__What needs to be done__: Up to and including the final line, please copy every line exactly, starting from the one that contains "List each element's" in the material below.

BEGIN

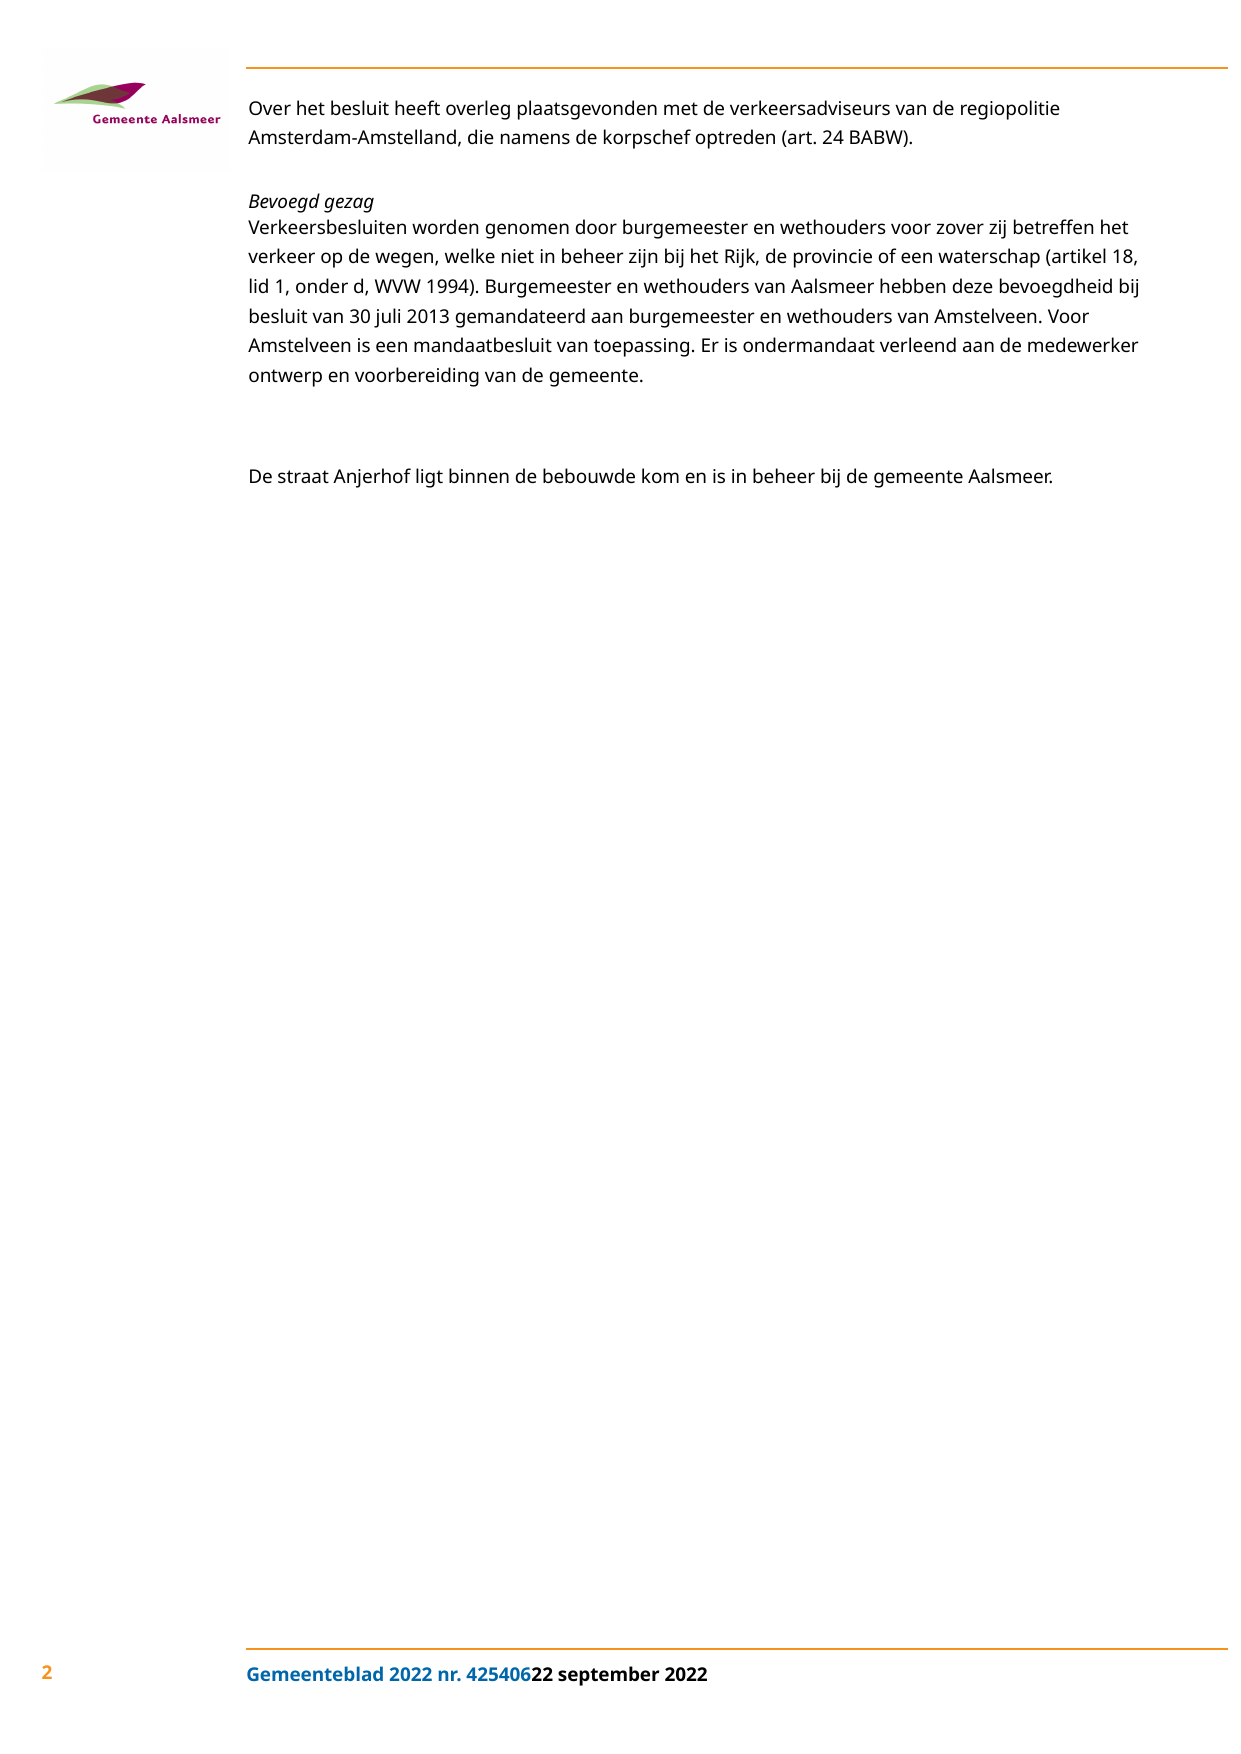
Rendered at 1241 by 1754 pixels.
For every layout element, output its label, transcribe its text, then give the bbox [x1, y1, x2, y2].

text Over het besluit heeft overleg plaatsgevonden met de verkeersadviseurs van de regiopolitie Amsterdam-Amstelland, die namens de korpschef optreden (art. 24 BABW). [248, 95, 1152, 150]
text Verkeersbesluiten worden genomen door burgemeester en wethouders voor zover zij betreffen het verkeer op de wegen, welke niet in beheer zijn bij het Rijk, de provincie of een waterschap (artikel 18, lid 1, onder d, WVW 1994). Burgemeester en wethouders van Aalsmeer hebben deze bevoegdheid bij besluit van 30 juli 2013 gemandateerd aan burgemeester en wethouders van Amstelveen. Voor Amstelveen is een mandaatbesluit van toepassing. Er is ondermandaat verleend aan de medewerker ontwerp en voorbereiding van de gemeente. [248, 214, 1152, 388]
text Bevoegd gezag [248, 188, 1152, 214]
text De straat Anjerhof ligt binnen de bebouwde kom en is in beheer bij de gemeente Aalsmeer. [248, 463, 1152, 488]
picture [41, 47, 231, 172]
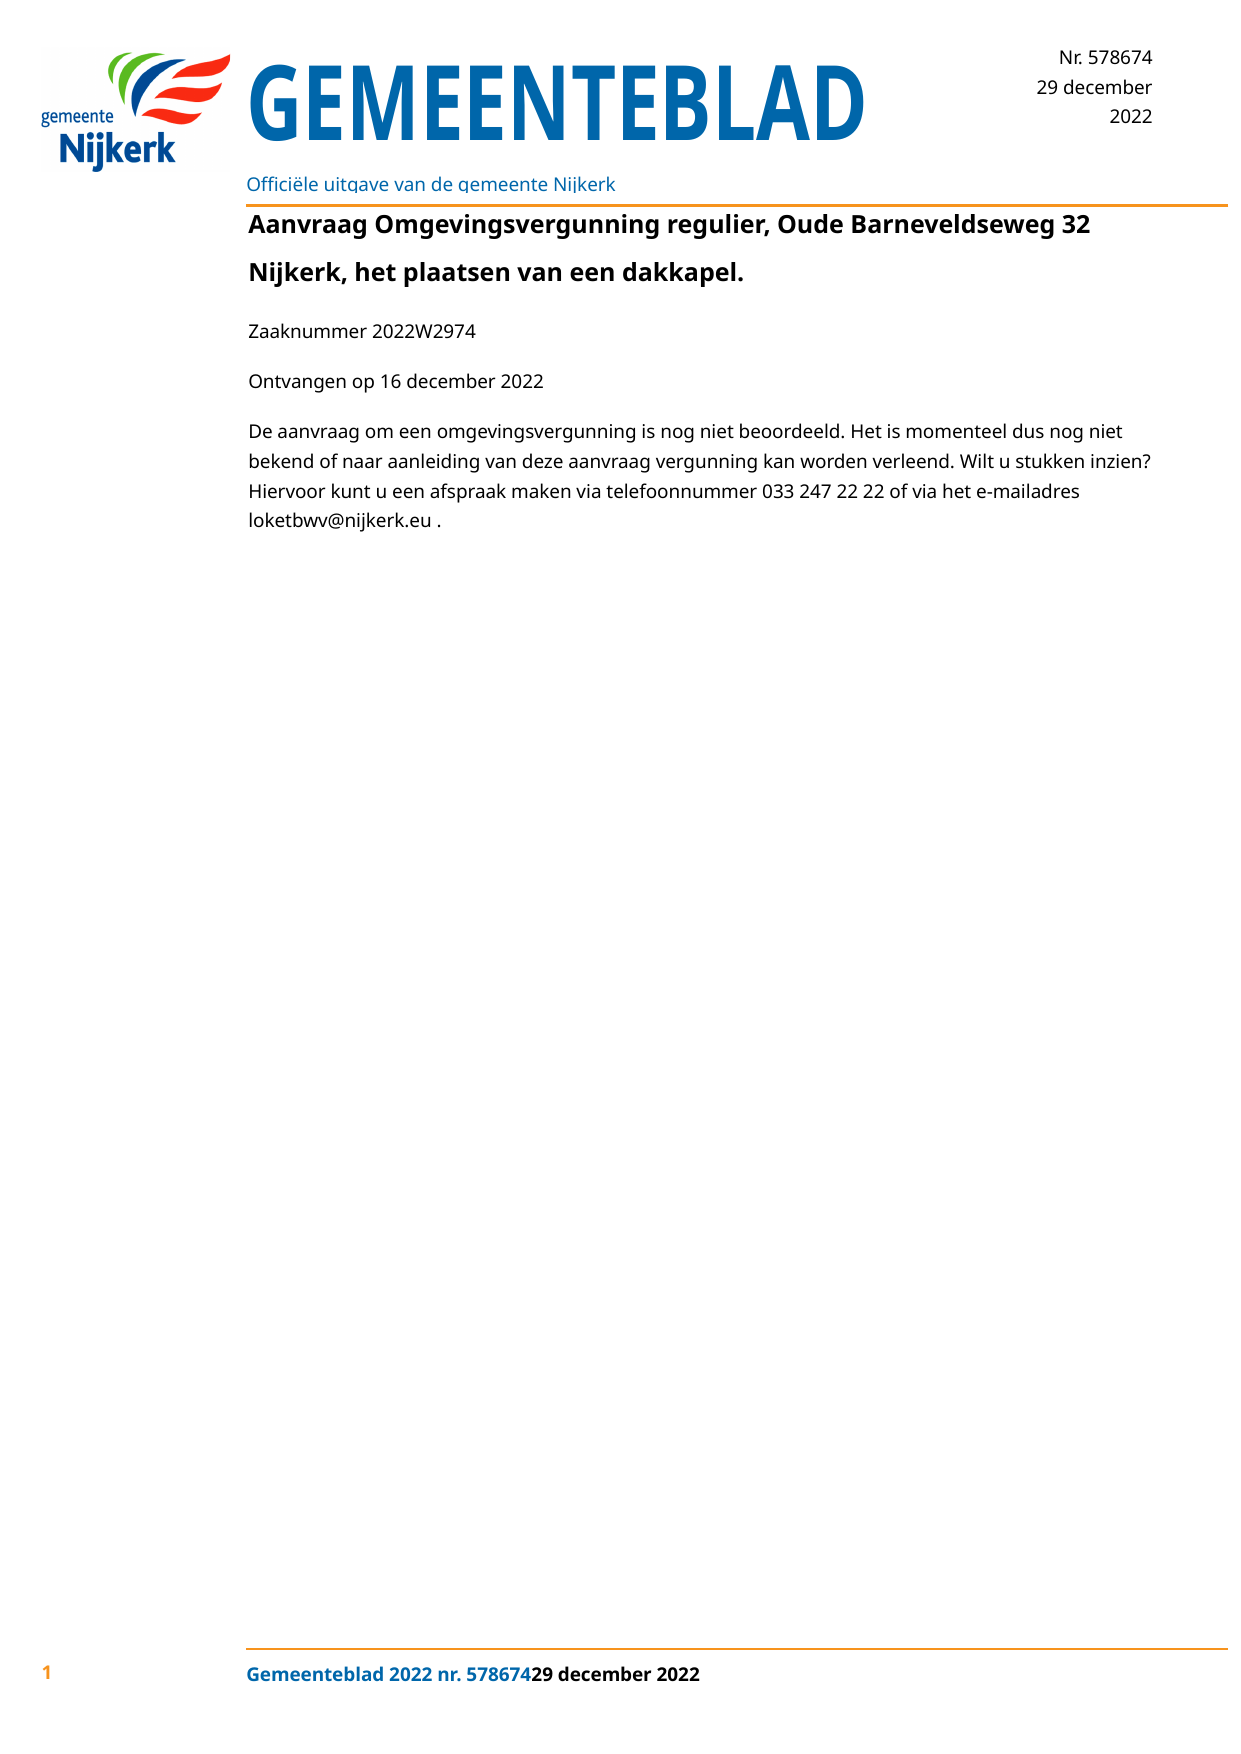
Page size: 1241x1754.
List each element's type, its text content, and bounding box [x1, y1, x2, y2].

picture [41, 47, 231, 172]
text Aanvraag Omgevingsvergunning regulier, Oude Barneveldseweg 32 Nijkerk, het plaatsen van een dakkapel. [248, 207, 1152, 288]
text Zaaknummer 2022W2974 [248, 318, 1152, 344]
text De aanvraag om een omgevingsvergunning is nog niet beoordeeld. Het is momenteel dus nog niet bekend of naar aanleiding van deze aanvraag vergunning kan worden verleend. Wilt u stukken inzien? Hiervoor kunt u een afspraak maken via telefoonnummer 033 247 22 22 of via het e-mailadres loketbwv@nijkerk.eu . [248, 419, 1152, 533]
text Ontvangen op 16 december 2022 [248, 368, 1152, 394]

END

__Problem solution__:
List each element's type, its text content, and bounding box [x1, y1, x2, y2].

picture [41, 47, 231, 172]
text Aanvraag Omgevingsvergunning regulier, Oude Barneveldseweg 32 Nijkerk, het plaatsen van een dakkapel. [248, 207, 1152, 288]
text Zaaknummer 2022W2974 [248, 318, 1152, 344]
text De aanvraag om een omgevingsvergunning is nog niet beoordeeld. Het is momenteel dus nog niet bekend of naar aanleiding van deze aanvraag vergunning kan worden verleend. Wilt u stukken inzien? Hiervoor kunt u een afspraak maken via telefoonnummer 033 247 22 22 of via het e-mailadres loketbwv@nijkerk.eu . [248, 419, 1152, 533]
text Ontvangen op 16 december 2022 [248, 368, 1152, 394]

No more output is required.